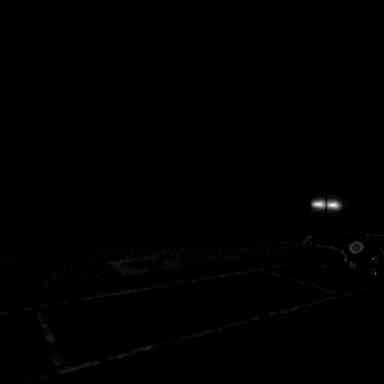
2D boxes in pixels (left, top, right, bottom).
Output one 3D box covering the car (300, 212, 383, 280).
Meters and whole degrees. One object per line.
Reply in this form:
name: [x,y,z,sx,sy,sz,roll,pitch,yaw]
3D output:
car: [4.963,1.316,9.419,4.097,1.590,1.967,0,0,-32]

---

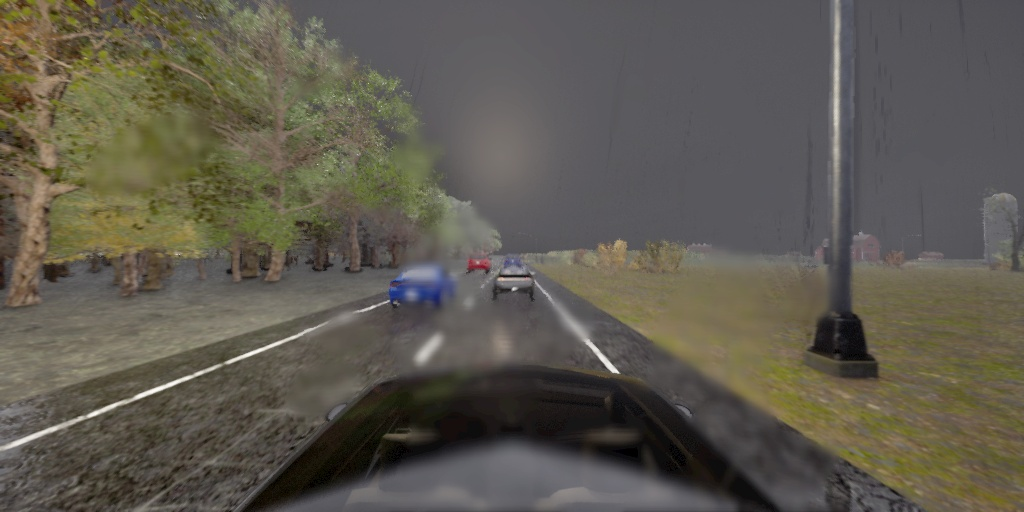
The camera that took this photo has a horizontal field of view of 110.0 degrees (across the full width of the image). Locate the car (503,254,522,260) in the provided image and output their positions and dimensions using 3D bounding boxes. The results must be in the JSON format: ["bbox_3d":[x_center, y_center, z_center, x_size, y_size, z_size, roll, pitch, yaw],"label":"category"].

--

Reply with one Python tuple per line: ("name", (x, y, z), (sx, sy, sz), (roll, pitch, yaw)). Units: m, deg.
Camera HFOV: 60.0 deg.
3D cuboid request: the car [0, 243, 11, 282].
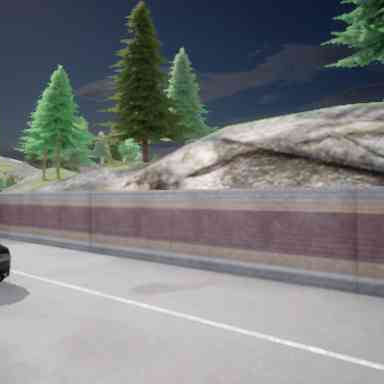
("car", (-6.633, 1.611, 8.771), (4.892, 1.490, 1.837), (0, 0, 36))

# What to produce:
Search the entries above for the string "Reply", and report each line where it occurs.

# Result:
Reply in this form:
Reply with one Python tuple per line: ("name", (x, y, z), (sx, sy, sz), (roll, pitch, yaw)). Units: m, deg.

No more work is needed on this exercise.